Roasters often overlook a critical parameter in heat transfer: airflow. The rate of heat transfer depends not only on the temperature difference between the air and the beans, but on the flow of air past the beans as well.
Airflow explains why a fan oven (also called a convection oven) cooks food more quickly than a conventional one: the continuous stream of hot air blowing past the food transfers heat more efficiently than the static hot air in a conventional oven. The same thing happens in reverse when you step outside on a windy day: the air blowing past you feels colder because it can absorb heat from your body more quickly.
In a conventional oven (left), heat transfers to the food from the air. The air closest to the food becomes slightly cooler as a result, reducing the rate of heat transfer. In a fan oven (right), the fan supplies a constant stream of fresh hot air, so the food cooks more quickly.
It’s therefore possible for lower-temperature air moving at high speed to transfer the same amount of heat to the beans as higher-temperature air moving at a lower speed (Fernandes 2019). At any given air temperature, increasing the airflow increases the rate of heat transfer by convection.

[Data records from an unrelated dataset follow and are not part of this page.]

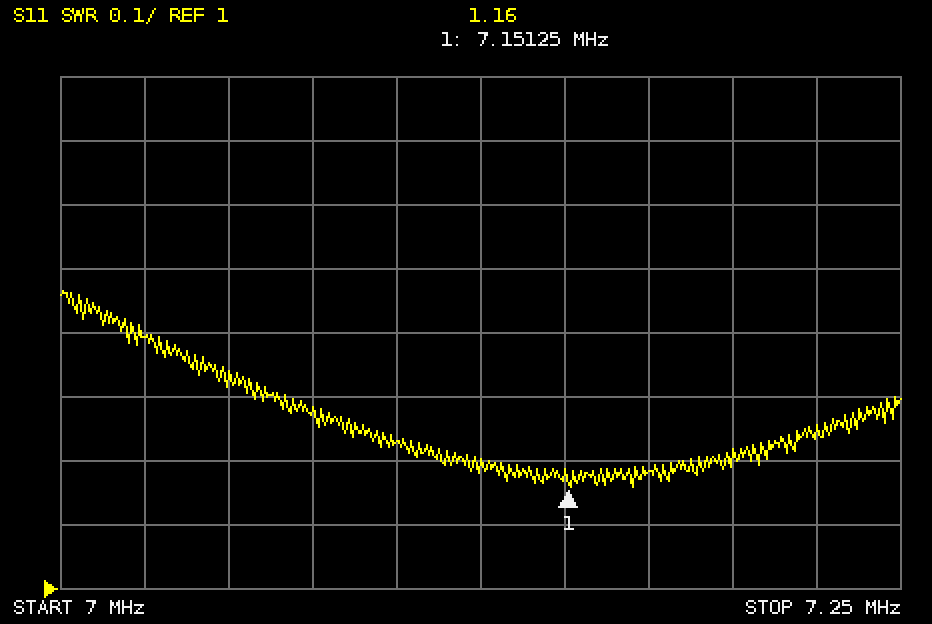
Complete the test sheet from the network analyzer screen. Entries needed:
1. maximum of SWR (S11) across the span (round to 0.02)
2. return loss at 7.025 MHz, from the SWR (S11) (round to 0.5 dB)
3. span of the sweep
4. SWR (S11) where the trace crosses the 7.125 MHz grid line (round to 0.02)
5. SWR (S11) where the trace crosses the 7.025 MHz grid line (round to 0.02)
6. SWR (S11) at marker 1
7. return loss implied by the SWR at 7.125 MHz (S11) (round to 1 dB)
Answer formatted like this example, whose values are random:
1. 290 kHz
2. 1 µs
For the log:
1. 1.46
2. 15.5 dB
3. 250 kHz
4. 1.20
5. 1.40
6. 1.16
7. 21 dB
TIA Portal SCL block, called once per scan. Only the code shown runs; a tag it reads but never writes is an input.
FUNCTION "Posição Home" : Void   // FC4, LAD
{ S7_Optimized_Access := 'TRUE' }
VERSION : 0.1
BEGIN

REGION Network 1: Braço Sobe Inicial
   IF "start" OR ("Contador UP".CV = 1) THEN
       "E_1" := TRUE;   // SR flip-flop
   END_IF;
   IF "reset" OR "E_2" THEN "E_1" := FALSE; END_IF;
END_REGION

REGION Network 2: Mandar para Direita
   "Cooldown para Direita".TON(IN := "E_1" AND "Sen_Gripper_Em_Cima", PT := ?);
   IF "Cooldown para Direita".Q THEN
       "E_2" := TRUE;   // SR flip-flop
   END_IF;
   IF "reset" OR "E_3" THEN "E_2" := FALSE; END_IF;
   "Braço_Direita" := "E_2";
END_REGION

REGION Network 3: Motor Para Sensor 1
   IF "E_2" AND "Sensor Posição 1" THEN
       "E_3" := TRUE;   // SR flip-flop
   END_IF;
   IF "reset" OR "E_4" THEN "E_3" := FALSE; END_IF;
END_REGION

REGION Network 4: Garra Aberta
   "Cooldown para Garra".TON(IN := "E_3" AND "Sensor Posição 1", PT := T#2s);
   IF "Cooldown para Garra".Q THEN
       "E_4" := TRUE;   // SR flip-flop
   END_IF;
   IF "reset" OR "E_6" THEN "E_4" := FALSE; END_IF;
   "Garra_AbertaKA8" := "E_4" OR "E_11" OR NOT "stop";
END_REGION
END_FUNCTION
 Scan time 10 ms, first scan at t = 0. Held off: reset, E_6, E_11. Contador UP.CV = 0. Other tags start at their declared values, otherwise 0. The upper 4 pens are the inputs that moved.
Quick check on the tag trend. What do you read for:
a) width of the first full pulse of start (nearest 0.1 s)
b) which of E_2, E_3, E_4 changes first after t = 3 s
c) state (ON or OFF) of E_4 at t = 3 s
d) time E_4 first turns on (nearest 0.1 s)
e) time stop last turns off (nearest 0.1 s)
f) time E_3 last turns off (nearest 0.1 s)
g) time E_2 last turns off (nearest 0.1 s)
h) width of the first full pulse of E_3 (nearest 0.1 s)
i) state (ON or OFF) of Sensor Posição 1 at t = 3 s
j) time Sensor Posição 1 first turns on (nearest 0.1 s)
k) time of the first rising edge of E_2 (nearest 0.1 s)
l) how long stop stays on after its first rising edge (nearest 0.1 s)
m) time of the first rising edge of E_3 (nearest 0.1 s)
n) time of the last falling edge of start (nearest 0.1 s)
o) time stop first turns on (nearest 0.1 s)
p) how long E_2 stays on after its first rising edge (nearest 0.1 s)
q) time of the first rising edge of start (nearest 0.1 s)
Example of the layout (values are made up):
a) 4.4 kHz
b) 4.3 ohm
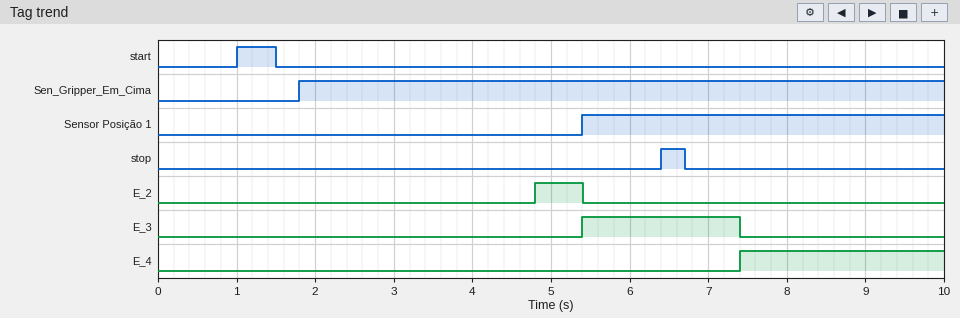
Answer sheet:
a) 0.5 s
b) E_2
c) OFF
d) 7.4 s
e) 6.7 s
f) 7.4 s
g) 5.4 s
h) 2.0 s
i) OFF
j) 5.4 s
k) 4.8 s
l) 0.3 s
m) 5.4 s
n) 1.5 s
o) 6.4 s
p) 0.6 s
q) 1.0 s
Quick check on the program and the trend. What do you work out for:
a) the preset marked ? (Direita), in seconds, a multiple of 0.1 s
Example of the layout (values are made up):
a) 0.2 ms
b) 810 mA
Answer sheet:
a) 3.0 s
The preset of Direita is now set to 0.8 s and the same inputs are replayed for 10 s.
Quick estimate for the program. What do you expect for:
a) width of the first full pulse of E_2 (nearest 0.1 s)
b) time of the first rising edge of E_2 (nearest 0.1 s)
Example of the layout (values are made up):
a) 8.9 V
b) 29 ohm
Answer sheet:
a) 2.8 s
b) 2.6 s
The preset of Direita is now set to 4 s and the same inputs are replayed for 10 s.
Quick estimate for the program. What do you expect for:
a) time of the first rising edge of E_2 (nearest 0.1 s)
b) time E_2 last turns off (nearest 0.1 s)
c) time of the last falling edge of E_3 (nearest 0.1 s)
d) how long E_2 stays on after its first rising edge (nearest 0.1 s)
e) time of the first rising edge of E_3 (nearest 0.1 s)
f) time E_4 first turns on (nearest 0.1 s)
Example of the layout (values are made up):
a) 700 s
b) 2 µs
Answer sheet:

In industrial roasting, the airflow is usually described in terms of the ‘air-to-bean ratio’: the ratio between the total mass of air blown into the roaster and the mass of the beans being roasted. Increasing the air-to-bean ratio for a given air temperature allows for faster roasting, and therefore many industrial roasters use high air-to-bean ratios to increase the cost- and time-efficiency of the process.
With most drum roasters, however, the operator doesn’t control the temperature of the incoming air directly. Instead, the operator adjusts the amount of power delivered by the burner by changing the gas pressure. Increasing the airflow in a drum roaster can lower the air temperature in the drum because the burner has to heat the larger volume of air passing through the roaster.